== TASK DESCRIPTION ==
For every entry, reproduce the wording exactly and omit any image it holds.

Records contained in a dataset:
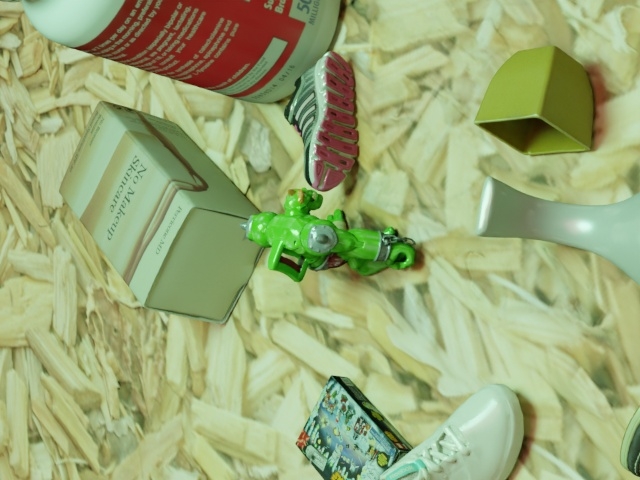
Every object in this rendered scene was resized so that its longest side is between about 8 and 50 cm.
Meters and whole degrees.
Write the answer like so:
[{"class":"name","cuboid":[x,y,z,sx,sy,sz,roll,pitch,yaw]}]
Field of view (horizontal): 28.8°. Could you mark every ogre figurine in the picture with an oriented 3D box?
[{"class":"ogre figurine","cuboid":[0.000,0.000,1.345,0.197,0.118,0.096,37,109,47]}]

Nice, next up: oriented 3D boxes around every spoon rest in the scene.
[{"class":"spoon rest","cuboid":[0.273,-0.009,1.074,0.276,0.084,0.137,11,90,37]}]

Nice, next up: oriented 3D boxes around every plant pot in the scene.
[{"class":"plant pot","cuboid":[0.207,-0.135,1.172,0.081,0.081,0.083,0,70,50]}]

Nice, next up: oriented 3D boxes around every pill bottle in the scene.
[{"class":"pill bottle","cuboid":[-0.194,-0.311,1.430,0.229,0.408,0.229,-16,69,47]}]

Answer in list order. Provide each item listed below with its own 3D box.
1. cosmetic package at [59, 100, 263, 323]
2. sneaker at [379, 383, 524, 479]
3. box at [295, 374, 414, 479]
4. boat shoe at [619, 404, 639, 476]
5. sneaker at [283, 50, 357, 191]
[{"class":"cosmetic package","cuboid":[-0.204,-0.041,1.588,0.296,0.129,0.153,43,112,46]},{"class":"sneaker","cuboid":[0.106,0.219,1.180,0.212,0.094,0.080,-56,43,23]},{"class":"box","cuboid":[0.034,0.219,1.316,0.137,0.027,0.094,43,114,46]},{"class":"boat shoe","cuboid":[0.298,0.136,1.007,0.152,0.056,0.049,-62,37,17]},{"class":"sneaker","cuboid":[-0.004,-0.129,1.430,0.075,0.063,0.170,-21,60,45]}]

== PROBLEM SOLUTION ==
Every object in this rendered scene was resized so that its longest side is between about 8 and 50 cm.
Meters and whole degrees.
Write the answer like so:
[{"class":"name","cuboid":[x,y,z,sx,sy,sz,roll,pitch,yaw]}]
Field of view (horizontal): 28.8°. Could you mark every ogre figurine in the picture with an oriented 3D box?
[{"class":"ogre figurine","cuboid":[0.000,0.000,1.345,0.197,0.118,0.096,37,109,47]}]

Nice, next up: oriented 3D boxes around every spoon rest in the scene.
[{"class":"spoon rest","cuboid":[0.273,-0.009,1.074,0.276,0.084,0.137,11,90,37]}]

Nice, next up: oriented 3D boxes around every plant pot in the scene.
[{"class":"plant pot","cuboid":[0.207,-0.135,1.172,0.081,0.081,0.083,0,70,50]}]

Nice, next up: oriented 3D boxes around every pill bottle in the scene.
[{"class":"pill bottle","cuboid":[-0.194,-0.311,1.430,0.229,0.408,0.229,-16,69,47]}]

Answer in list order. Provide each item listed below with its own 3D box.
1. cosmetic package at [59, 100, 263, 323]
2. sneaker at [379, 383, 524, 479]
3. box at [295, 374, 414, 479]
4. boat shoe at [619, 404, 639, 476]
5. sneaker at [283, 50, 357, 191]
[{"class":"cosmetic package","cuboid":[-0.204,-0.041,1.588,0.296,0.129,0.153,43,112,46]},{"class":"sneaker","cuboid":[0.106,0.219,1.180,0.212,0.094,0.080,-56,43,23]},{"class":"box","cuboid":[0.034,0.219,1.316,0.137,0.027,0.094,43,114,46]},{"class":"boat shoe","cuboid":[0.298,0.136,1.007,0.152,0.056,0.049,-62,37,17]},{"class":"sneaker","cuboid":[-0.004,-0.129,1.430,0.075,0.063,0.170,-21,60,45]}]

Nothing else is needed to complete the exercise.